CRÍTICA| O CRIME DO PADRE AMARO, DE EÇA DE QUEIRÓS

Crítica e questionamento sobre a Igreja

Por Victor Hugo Sigoli de Campos

Data: 08/03/2024






O livro é de 1875, e foi escrito pelo português Eça de Queirós com base nos princípios do realismo-naturalismo – um movimento artístico cuja ideia é a de que o comportamento do ser humano é moldado pelo meio onde nasce ou em que é criado. Amaro Vieira vai ao distrito de Leiria nas proximidades de Lisboa substituir o pároco recém - falecido José Miguéis, na Igreja da Santa Sé, ele fica hospedado na casa de Augusta Caminha uma assídua devota e se apaixona por sua filha, Amélia.          

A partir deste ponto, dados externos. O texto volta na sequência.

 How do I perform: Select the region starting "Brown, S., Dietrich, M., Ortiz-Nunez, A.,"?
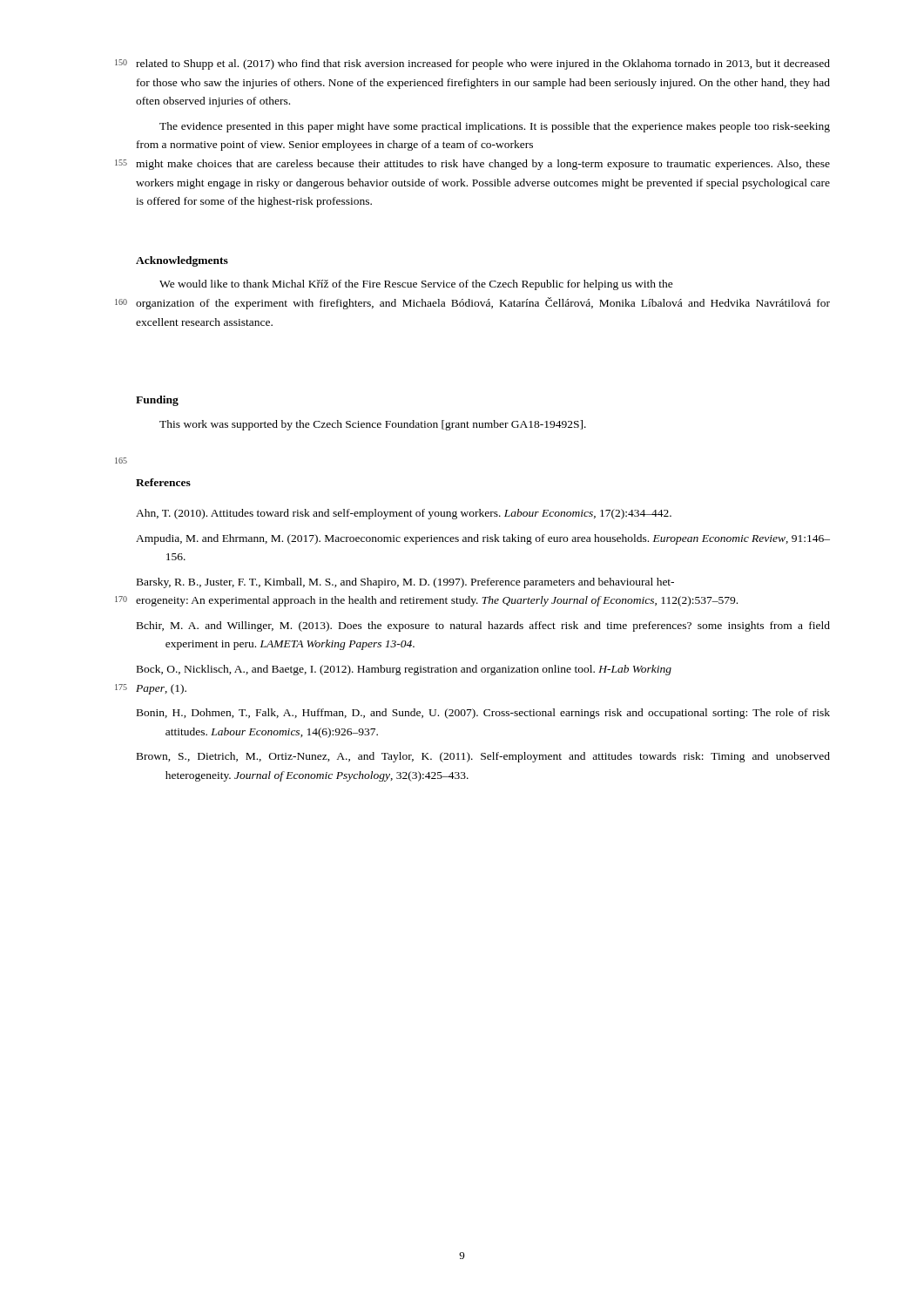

Amaro presencia seu mestre, o cônego João Dias tendo relações sexuais com Caminha e entende que pode fazer o mesmo com Amélia, e vai coagindo-a em todos os momentos quando ficam sozinhos, e desperta os ciúmes de João Eduardo, o noivo da moça, e entra em conflito com o rapaz. A história critica a religião, também é interessante observar que a narrativa aborda aspectos psicológicos dos personagens, principalmente, a temática de opressão da libido imposta pela doutrina.  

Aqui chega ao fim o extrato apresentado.